Most people recognise that jumpy feeling when they're startled, and fish are no different. Caught by surprise, they react in one of two ways, either curling round into a C shape to make a quick get away, or sweeping into an S with a tail flick to flee. The C-start is so predictable that it has become a standard of motor neural control, with a single neuron triggering the response. Everyone thought that the S response was just a variation on the C theme, with an extra flick of the tail. But when Melina Hale started measuring muscle activity while startling the fish into an S-start, she realised that the fish were using a different neural circuit to the C-start(p. 2005), making the S-start very intriguing from her `comparative' perspective.

When Hale began this study, the neural control of C- and S-starts seemed to be pretty well understood. Catch a fish off guard, and the Mauthner neuron in the brain fires a single action potential that forces all the muscles down one side of the fish to contract abruptly, bending the fish's body into a C shape. It seemed natural to assume that the same neural controls were driving the S-start, while the tail drifted passively to convert the C into an S.
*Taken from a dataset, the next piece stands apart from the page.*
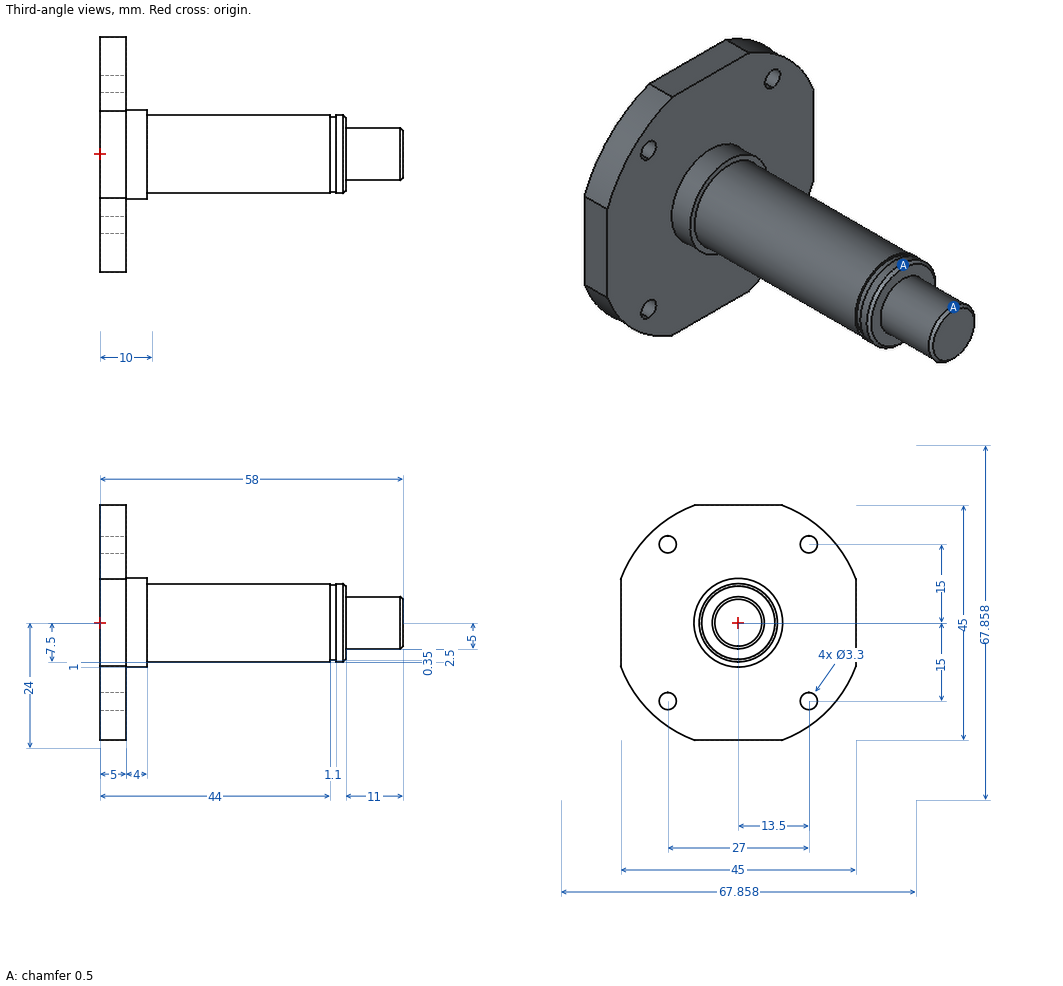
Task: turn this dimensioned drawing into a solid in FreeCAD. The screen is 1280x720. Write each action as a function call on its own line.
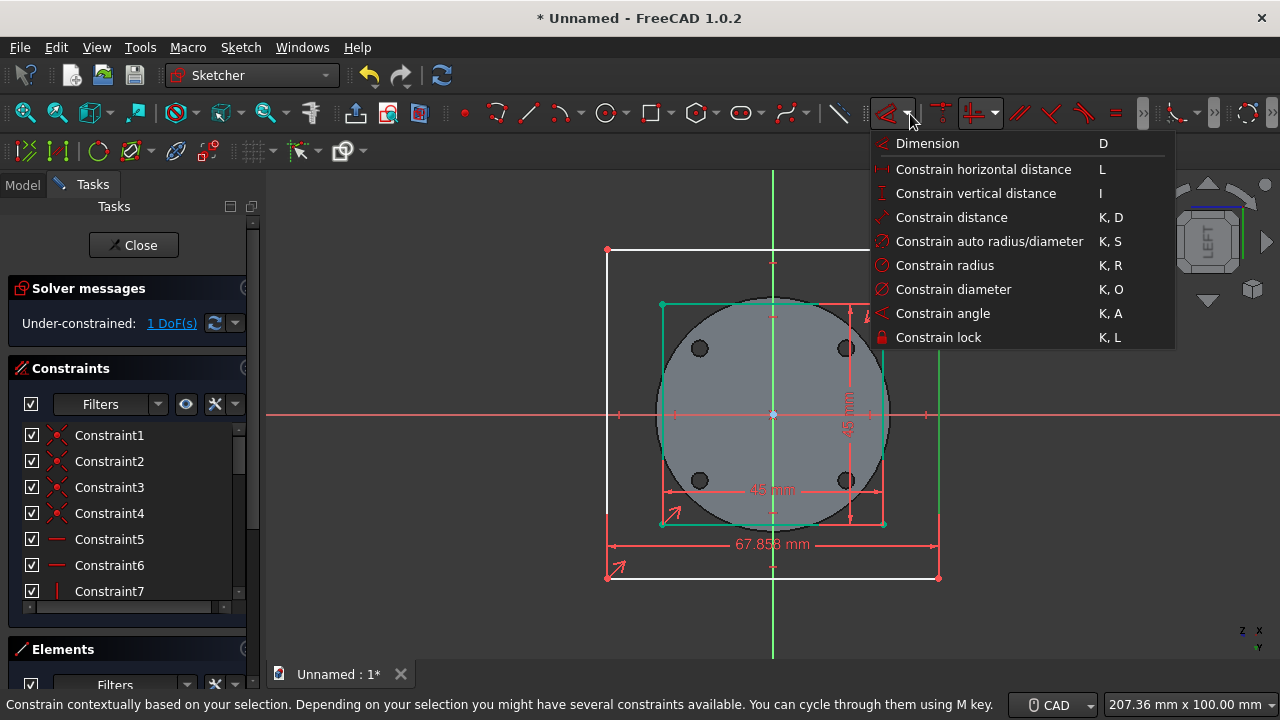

But fish don't keep these rapid reactions just for making a fast get away;they also use them for ambushing prey. Hale wondered whether the neural controls behind the feeding response were the same as the escape response. Because it isn't easy to directly measure neural activity as the fish spring into action, she recorded muscle activity in the hope that it might tell her whether there were differences in the neural control of feeding versus fleeing.

Hale fitted electromyography electrodes to a fish that could happily twist into S and C shapes, ready to start collecting data. But as soon as the fish recovered from surgery, she noticed something was wrong. The fish wouldn't feed with the electrodes in place, so she couldn't test the difference between feeding and startle responses. But the fish still produced C and S starts when she started them, so she changed direction and decided to compare both startle responses directly. After collected EMG data for C and S startle responses Hale realised that they were completely different! Maybe there was more to the S start than she had thought.

Using a high-speed camera, she began filming the fish as she measured their muscle activity so that she could accurately correlate each muscular spasm with the fish's movements. Instead of seeing a single massive contraction down one side of the fish, she measured contractions on both sides. Hale knew that it was unlikely that the Mauthner neuron could trigger a response like this. Some other neural circuit was responsible for this behaviour. Hale remembers that this was `incredibly exciting'. She realised that her discovery allows her to do the ultimate comparative analysis as the S-start provides a simple system to compare to the model C-start neural circuit.

Ultimately, the goal is to identify the nerves involved in the S-start circuit. Meanwhile, Hale is optimistic that some well-known neurons could turn up in the circuit, but the Mauthner neuron probably won't.